Metalnewsnet 17 Jun : TEX reported that Asian market conditions for steel export deals will continue to mark time for the next few months as users in various destinations favor taking a wait and see stance altogether. As a result, Japanese integrated steelmakers are expected to wait until what they would negotiate in earnest for August and Septembers of their various steel exports to Asian destinations.
Asian export market prices have turned weak since the middle of the April to June quarter, for which several factors are held responsible. First, China's steel exports are on the increase. Second, China's domestic steel market conditions have fallen in prices. Third, South Korea faces a depreciation of the won against the US dollar. Fourth, rumor is afloat about revisions of China's export duty rebates.

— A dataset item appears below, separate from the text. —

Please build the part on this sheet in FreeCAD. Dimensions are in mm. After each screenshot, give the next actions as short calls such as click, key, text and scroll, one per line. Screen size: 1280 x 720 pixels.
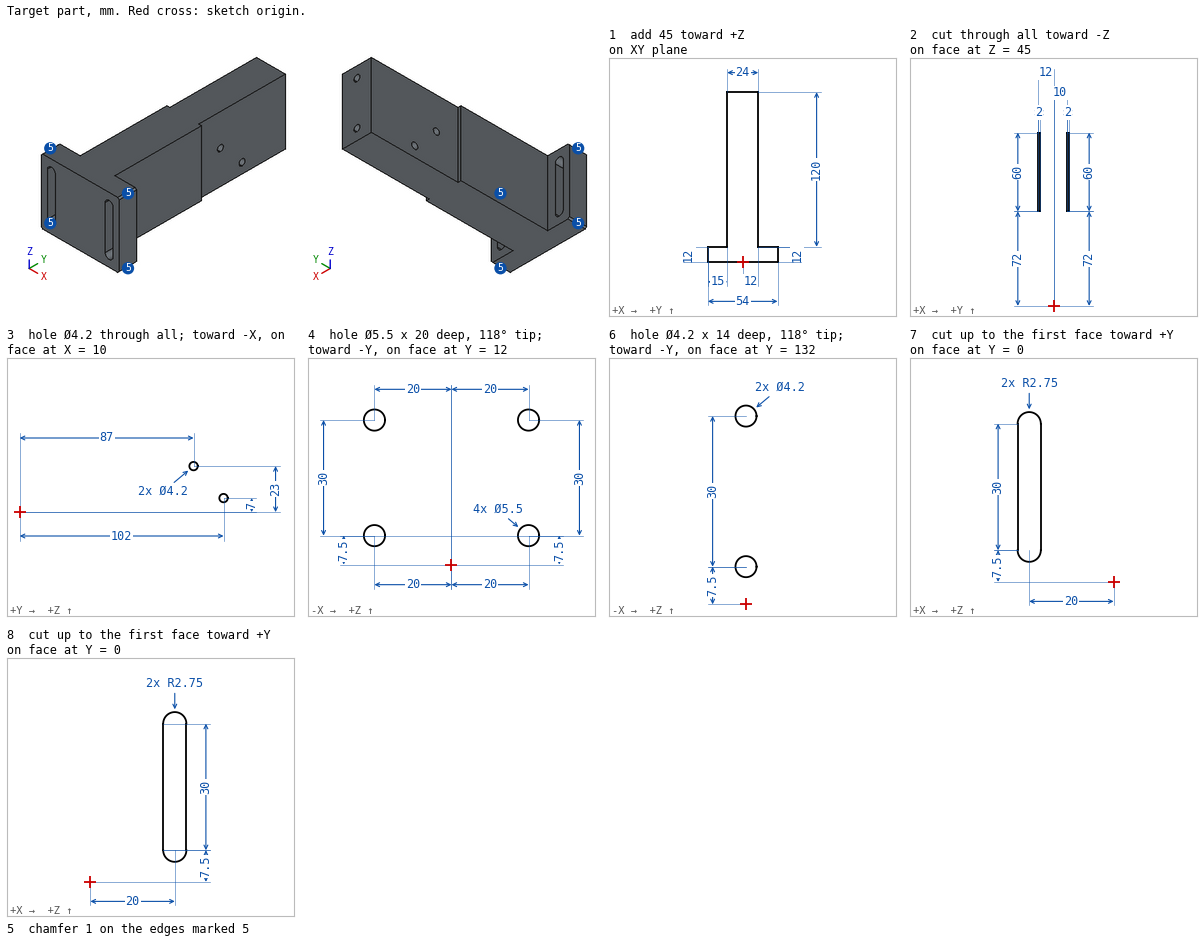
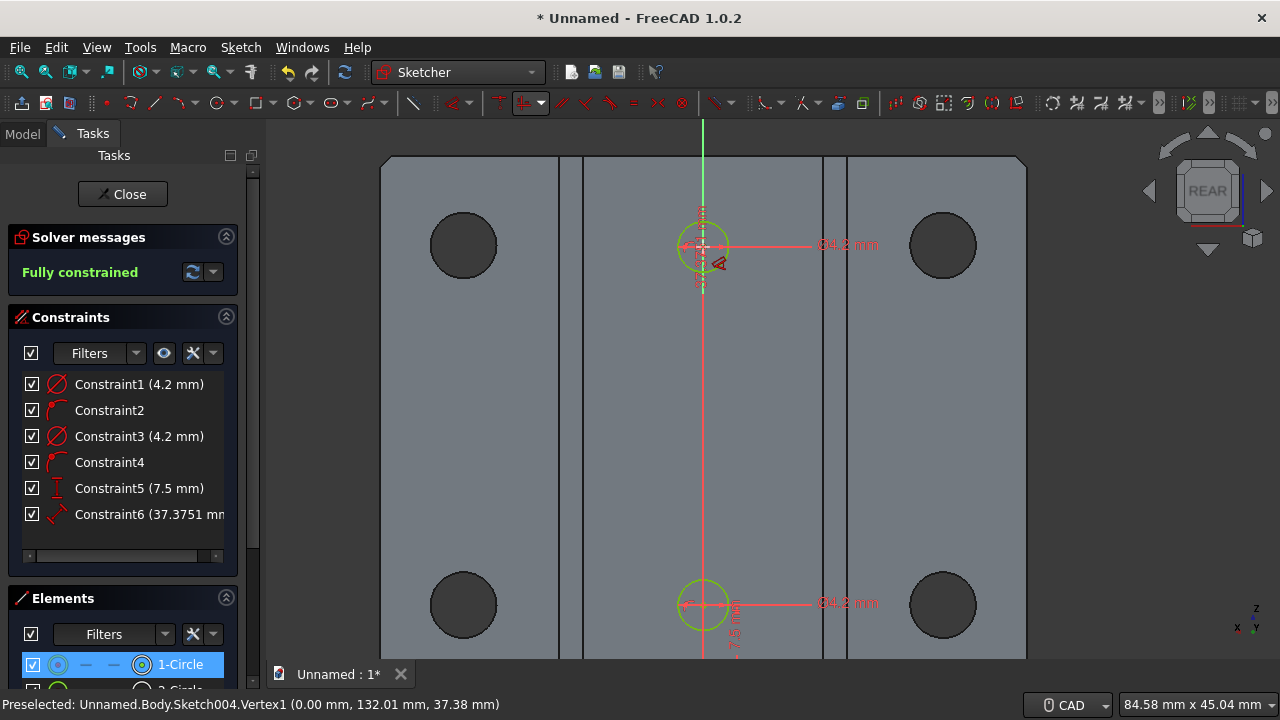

China's steel exports this year totaled 3,200,000 tons in March and 4,150,000 tons in April. In the background are Chinese steelmakers' positive exports to meet better sales prices than domestic deals. On their part, various users in Asia have turned to a wait-and-see position in anticipation of lower prices in what they purchase from China. Under the existing circumstances, Chinese steel exports are expected to trend upward at least until June shipments.
Meanwhile, a depreciation of the won is seen as relating to South Korea's confrontation with North Korea. But there are expectations for an easing of the tension shortly between the two countries. Besides, South Korea's domestic manufacturing industries, focusing on autos, are in good shape. Therefore, there are few prospects of South Korean steelmakers falling into a deterioration of their operations.